**What you should do:** Write out the listing below exactly, beginning at its first line and ending with the line that contains "- pallet [780,0,1012,59]".

**Data under study:**
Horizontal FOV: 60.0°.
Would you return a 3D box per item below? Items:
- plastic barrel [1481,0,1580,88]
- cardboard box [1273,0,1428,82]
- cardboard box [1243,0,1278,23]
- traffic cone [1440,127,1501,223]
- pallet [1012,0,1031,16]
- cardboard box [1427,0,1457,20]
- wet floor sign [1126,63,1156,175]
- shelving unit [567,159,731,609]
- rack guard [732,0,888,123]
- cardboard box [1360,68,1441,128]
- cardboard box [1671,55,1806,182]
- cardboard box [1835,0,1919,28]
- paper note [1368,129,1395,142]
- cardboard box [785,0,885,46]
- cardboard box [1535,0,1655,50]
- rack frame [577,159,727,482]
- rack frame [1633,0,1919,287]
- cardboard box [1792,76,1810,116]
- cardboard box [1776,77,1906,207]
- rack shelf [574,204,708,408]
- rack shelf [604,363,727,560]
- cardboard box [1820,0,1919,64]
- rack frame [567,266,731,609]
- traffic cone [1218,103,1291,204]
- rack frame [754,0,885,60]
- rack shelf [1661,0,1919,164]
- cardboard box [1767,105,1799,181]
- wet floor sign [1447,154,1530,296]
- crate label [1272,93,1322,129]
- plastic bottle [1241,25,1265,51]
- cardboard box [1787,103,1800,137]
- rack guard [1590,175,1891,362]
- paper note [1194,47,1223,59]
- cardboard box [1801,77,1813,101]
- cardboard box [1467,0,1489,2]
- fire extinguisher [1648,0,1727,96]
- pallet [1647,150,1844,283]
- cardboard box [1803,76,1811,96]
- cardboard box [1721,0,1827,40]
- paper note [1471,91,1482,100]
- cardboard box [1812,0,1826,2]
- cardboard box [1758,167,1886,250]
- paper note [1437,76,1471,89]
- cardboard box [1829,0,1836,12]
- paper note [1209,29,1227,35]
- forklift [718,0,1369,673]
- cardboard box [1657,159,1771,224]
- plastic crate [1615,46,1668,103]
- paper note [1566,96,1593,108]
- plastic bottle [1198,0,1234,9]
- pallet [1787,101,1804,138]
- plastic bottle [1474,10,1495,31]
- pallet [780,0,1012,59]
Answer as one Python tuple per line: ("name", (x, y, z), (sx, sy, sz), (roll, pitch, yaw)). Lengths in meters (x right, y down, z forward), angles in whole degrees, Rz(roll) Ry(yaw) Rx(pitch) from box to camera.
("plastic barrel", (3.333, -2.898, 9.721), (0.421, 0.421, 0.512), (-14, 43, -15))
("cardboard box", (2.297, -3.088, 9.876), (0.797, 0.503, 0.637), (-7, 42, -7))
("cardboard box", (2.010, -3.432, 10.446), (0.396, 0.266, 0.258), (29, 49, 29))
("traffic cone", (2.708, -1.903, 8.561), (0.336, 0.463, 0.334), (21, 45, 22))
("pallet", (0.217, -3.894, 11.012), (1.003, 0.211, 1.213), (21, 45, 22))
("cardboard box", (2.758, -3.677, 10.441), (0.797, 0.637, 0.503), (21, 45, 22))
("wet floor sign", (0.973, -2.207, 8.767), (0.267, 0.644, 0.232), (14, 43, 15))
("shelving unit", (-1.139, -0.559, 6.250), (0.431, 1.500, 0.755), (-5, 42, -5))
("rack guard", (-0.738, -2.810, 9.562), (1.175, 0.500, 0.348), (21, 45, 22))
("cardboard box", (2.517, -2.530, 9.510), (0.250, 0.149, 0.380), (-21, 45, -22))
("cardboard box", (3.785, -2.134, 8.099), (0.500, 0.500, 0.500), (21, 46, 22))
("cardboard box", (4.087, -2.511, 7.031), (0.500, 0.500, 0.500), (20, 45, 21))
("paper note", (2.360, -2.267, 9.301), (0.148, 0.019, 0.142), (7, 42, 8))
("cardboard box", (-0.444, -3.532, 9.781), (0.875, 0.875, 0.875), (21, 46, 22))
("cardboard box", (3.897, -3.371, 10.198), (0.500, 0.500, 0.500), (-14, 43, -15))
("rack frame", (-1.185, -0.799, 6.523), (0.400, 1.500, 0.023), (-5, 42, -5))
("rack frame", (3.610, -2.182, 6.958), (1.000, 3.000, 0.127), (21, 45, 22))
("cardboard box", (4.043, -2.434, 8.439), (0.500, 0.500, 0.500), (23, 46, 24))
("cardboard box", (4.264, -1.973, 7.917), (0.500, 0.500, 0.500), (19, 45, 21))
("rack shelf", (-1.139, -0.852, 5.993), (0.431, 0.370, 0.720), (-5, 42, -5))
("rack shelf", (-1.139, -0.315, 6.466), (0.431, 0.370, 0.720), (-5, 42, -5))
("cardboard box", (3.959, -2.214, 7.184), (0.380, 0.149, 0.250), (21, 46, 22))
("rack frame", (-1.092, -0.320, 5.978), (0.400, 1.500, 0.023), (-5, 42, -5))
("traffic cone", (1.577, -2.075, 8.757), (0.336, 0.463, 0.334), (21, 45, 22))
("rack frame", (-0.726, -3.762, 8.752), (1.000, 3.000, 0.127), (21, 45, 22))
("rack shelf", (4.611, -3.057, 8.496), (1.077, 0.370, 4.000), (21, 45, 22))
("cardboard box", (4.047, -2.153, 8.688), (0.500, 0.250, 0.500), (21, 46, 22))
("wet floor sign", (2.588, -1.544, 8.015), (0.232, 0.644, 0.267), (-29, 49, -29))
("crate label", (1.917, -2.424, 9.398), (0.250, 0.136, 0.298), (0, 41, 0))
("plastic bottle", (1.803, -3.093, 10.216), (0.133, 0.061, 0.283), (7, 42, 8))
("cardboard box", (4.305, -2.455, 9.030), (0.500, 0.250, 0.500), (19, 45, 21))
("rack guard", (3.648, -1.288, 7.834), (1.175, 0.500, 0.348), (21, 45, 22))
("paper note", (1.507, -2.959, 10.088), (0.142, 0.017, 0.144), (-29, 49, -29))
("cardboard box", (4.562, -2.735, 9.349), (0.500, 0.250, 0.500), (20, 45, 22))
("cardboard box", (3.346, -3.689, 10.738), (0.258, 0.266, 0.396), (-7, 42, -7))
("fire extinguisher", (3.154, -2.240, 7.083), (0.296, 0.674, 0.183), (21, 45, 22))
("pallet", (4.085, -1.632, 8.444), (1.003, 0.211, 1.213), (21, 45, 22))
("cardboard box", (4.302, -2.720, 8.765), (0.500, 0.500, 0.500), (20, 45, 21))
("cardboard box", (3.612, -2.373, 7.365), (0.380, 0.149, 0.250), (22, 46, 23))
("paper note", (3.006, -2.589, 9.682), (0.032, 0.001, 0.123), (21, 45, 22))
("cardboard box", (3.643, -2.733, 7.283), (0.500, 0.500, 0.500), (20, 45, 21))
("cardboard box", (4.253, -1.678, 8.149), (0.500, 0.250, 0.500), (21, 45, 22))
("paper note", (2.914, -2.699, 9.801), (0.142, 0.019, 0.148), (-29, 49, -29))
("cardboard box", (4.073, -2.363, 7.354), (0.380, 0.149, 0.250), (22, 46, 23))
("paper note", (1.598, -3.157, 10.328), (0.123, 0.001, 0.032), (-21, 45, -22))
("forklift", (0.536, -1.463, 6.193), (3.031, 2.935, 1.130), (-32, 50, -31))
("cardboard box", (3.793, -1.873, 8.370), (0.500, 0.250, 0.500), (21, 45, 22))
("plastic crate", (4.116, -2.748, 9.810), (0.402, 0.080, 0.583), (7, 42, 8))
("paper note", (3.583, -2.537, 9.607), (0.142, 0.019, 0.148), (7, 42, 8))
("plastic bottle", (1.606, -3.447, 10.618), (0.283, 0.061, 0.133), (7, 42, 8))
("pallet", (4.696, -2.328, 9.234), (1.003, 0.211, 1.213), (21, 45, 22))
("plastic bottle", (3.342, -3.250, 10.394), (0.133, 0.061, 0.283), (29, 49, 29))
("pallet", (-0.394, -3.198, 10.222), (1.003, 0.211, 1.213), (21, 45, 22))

**Expected answer:**
Horizontal FOV: 60.0°.
Would you return a 3D box per item below? Items:
- plastic barrel [1481,0,1580,88]
- cardboard box [1273,0,1428,82]
- cardboard box [1243,0,1278,23]
- traffic cone [1440,127,1501,223]
- pallet [1012,0,1031,16]
- cardboard box [1427,0,1457,20]
- wet floor sign [1126,63,1156,175]
- shelving unit [567,159,731,609]
- rack guard [732,0,888,123]
- cardboard box [1360,68,1441,128]
- cardboard box [1671,55,1806,182]
- cardboard box [1835,0,1919,28]
- paper note [1368,129,1395,142]
- cardboard box [785,0,885,46]
- cardboard box [1535,0,1655,50]
- rack frame [577,159,727,482]
- rack frame [1633,0,1919,287]
- cardboard box [1792,76,1810,116]
- cardboard box [1776,77,1906,207]
- rack shelf [574,204,708,408]
- rack shelf [604,363,727,560]
- cardboard box [1820,0,1919,64]
- rack frame [567,266,731,609]
- traffic cone [1218,103,1291,204]
- rack frame [754,0,885,60]
- rack shelf [1661,0,1919,164]
- cardboard box [1767,105,1799,181]
- wet floor sign [1447,154,1530,296]
- crate label [1272,93,1322,129]
- plastic bottle [1241,25,1265,51]
- cardboard box [1787,103,1800,137]
- rack guard [1590,175,1891,362]
- paper note [1194,47,1223,59]
- cardboard box [1801,77,1813,101]
- cardboard box [1467,0,1489,2]
- fire extinguisher [1648,0,1727,96]
- pallet [1647,150,1844,283]
- cardboard box [1803,76,1811,96]
- cardboard box [1721,0,1827,40]
- paper note [1471,91,1482,100]
- cardboard box [1812,0,1826,2]
- cardboard box [1758,167,1886,250]
- paper note [1437,76,1471,89]
- cardboard box [1829,0,1836,12]
- paper note [1209,29,1227,35]
- forklift [718,0,1369,673]
- cardboard box [1657,159,1771,224]
- plastic crate [1615,46,1668,103]
- paper note [1566,96,1593,108]
- plastic bottle [1198,0,1234,9]
- pallet [1787,101,1804,138]
- plastic bottle [1474,10,1495,31]
- pallet [780,0,1012,59]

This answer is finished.